(Collected data)
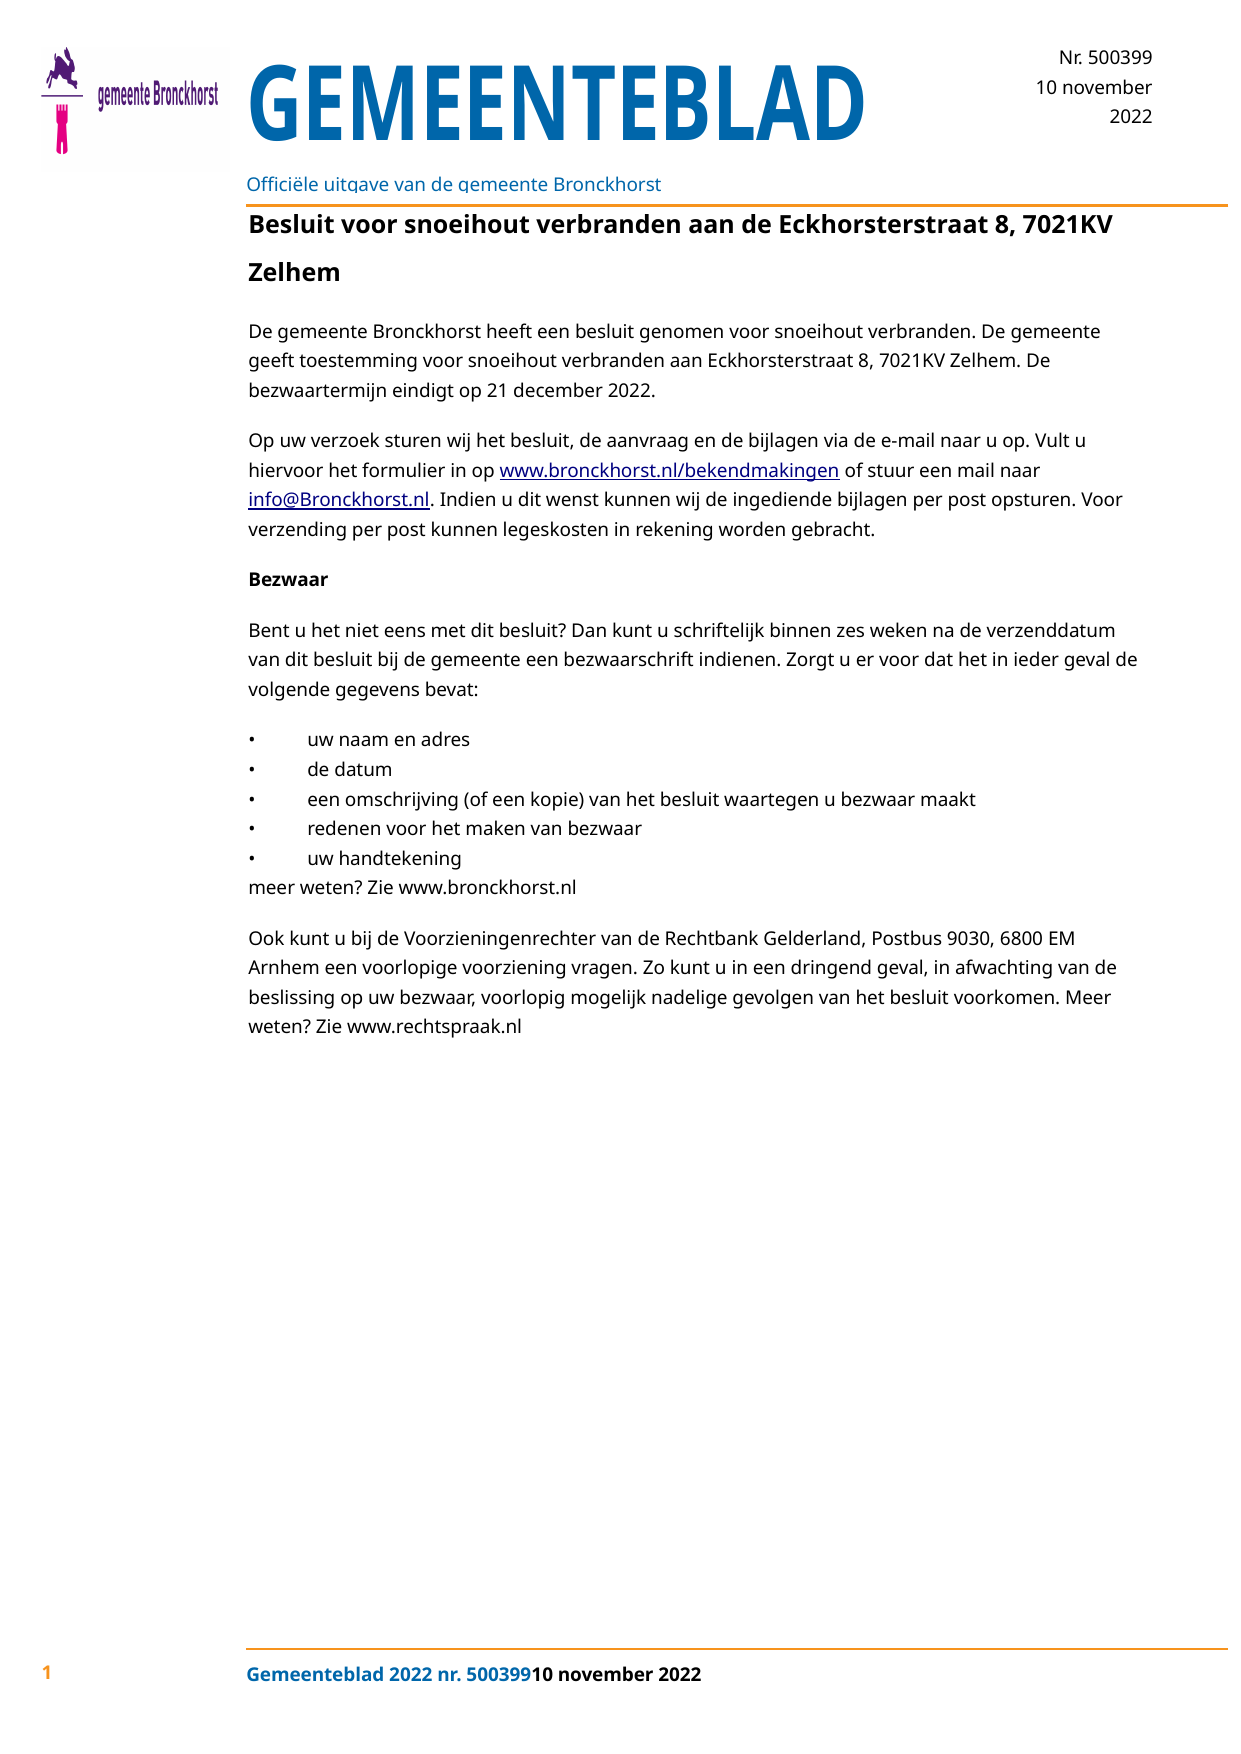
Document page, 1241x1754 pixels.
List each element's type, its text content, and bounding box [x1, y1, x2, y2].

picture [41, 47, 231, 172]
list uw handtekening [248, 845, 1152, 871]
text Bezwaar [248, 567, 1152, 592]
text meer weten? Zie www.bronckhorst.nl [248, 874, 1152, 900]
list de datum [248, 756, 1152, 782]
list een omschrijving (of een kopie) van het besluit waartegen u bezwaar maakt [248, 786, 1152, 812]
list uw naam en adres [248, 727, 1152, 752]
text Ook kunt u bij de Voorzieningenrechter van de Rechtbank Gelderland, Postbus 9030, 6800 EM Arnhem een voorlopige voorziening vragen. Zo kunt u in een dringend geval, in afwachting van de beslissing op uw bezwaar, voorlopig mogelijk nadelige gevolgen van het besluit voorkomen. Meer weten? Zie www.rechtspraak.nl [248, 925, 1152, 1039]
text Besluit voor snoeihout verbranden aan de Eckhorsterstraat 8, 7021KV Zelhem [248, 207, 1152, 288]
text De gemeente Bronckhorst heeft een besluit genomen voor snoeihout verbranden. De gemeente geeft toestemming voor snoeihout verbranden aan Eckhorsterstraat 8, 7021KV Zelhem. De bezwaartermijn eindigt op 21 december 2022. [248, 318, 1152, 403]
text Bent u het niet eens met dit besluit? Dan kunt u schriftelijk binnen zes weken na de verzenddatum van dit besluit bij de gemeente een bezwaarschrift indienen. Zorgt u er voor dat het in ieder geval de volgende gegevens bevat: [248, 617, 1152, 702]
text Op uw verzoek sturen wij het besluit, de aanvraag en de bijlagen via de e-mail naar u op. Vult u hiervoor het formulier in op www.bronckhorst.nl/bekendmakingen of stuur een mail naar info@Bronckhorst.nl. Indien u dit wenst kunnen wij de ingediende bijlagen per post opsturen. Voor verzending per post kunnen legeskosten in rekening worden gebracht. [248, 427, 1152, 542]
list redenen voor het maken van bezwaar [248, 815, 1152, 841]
--
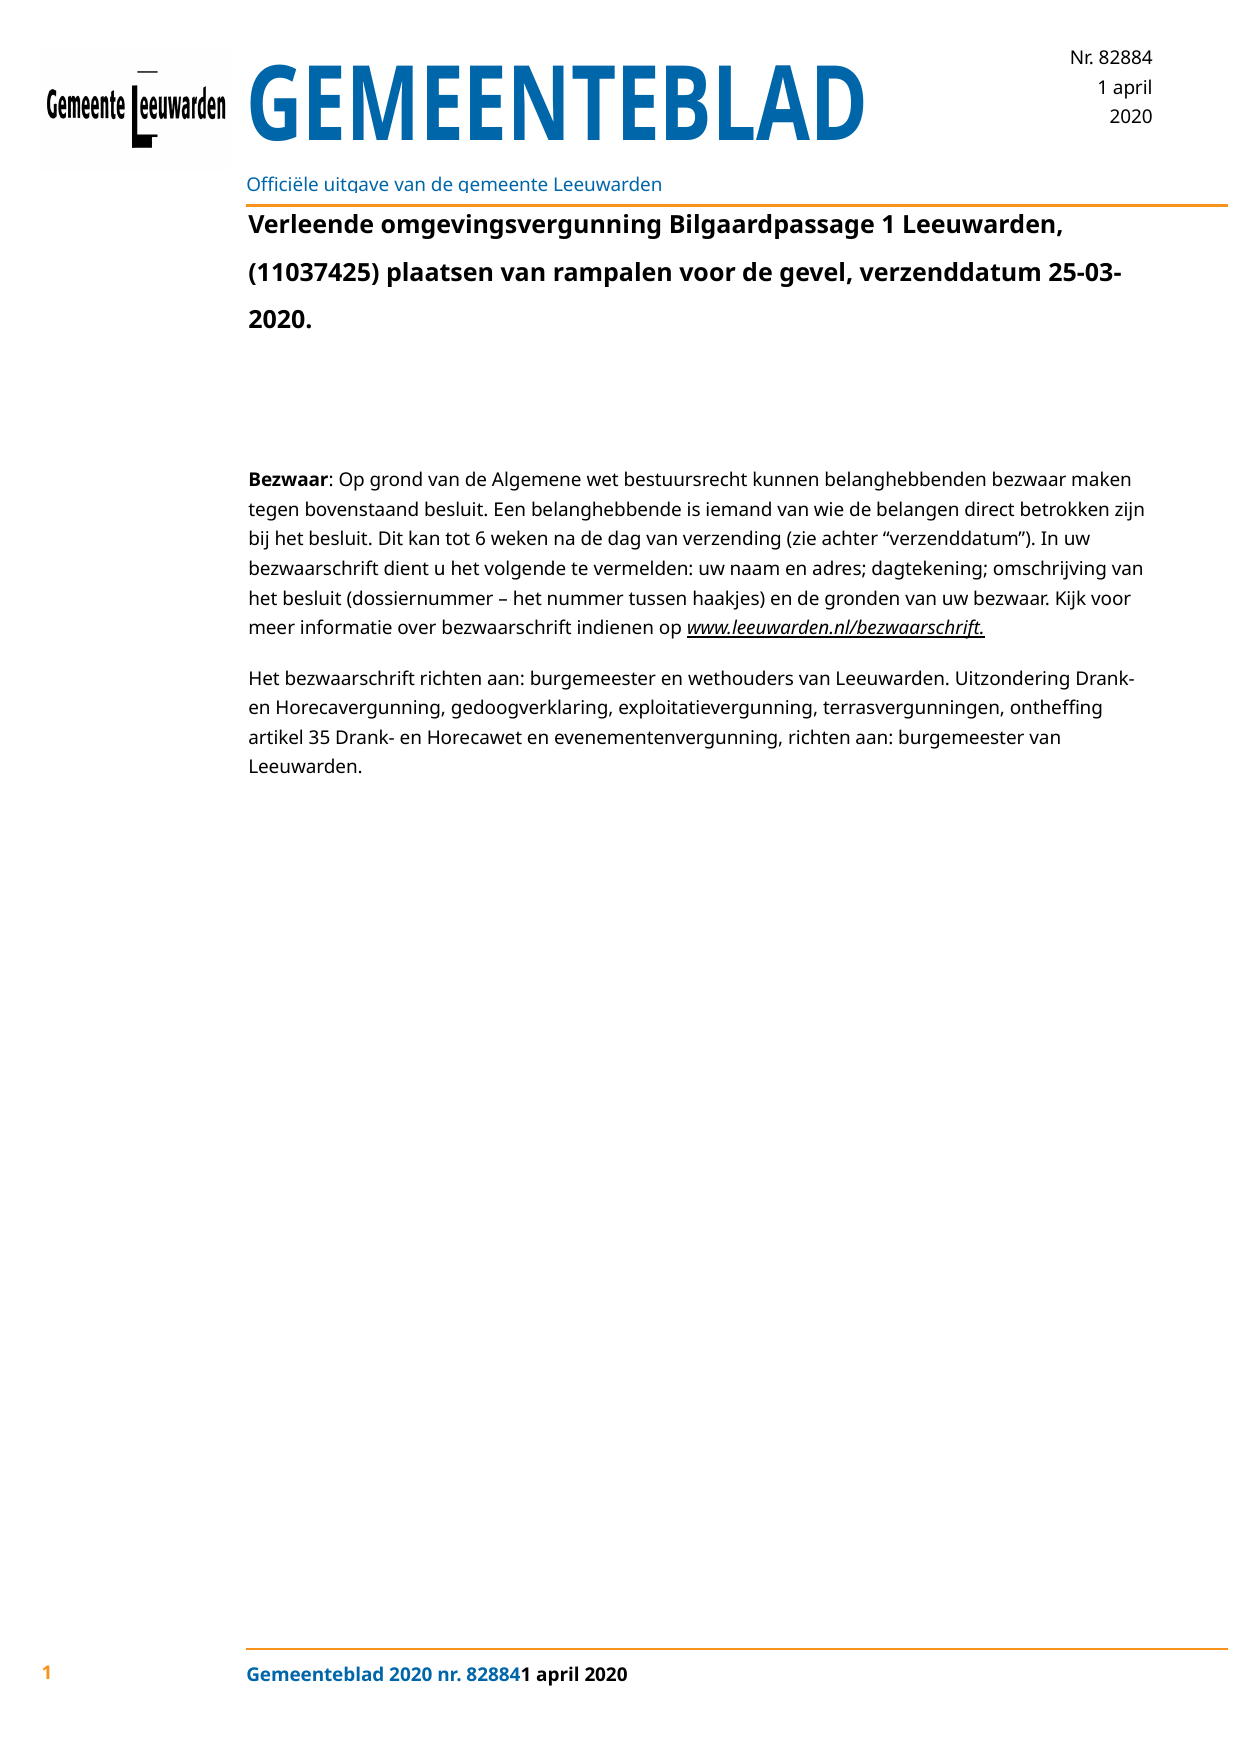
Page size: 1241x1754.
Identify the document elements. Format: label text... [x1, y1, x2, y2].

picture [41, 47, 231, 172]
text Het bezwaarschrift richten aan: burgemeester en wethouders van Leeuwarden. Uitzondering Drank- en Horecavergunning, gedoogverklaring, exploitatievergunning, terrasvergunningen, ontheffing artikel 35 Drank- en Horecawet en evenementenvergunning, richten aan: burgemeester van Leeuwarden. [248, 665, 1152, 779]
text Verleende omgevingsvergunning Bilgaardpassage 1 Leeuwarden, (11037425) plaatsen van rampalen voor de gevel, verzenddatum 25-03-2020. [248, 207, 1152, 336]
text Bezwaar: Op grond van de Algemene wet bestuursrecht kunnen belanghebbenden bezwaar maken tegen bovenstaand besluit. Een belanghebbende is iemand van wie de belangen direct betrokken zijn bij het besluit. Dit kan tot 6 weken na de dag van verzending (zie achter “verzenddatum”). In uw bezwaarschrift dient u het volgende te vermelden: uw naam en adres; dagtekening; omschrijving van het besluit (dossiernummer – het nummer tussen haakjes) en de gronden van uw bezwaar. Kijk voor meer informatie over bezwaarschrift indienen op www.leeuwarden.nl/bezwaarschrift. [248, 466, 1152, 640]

• Try it
Search the entries above for "naam". Show every line that has it.

• Task answer
list uw naam en adres [248, 727, 1152, 752]
text Bezwaar: Op grond van de Algemene wet bestuursrecht kunnen belanghebbenden bezwaar maken tegen bovenstaand besluit. Een belanghebbende is iemand van wie de belangen direct betrokken zijn bij het besluit. Dit kan tot 6 weken na de dag van verzending (zie achter “verzenddatum”). In uw bezwaarschrift dient u het volgende te vermelden: uw naam en adres; dagtekening; omschrijving van het besluit (dossiernummer – het nummer tussen haakjes) en de gronden van uw bezwaar. Kijk voor meer informatie over bezwaarschrift indienen op www.leeuwarden.nl/bezwaarschrift. [248, 466, 1152, 640]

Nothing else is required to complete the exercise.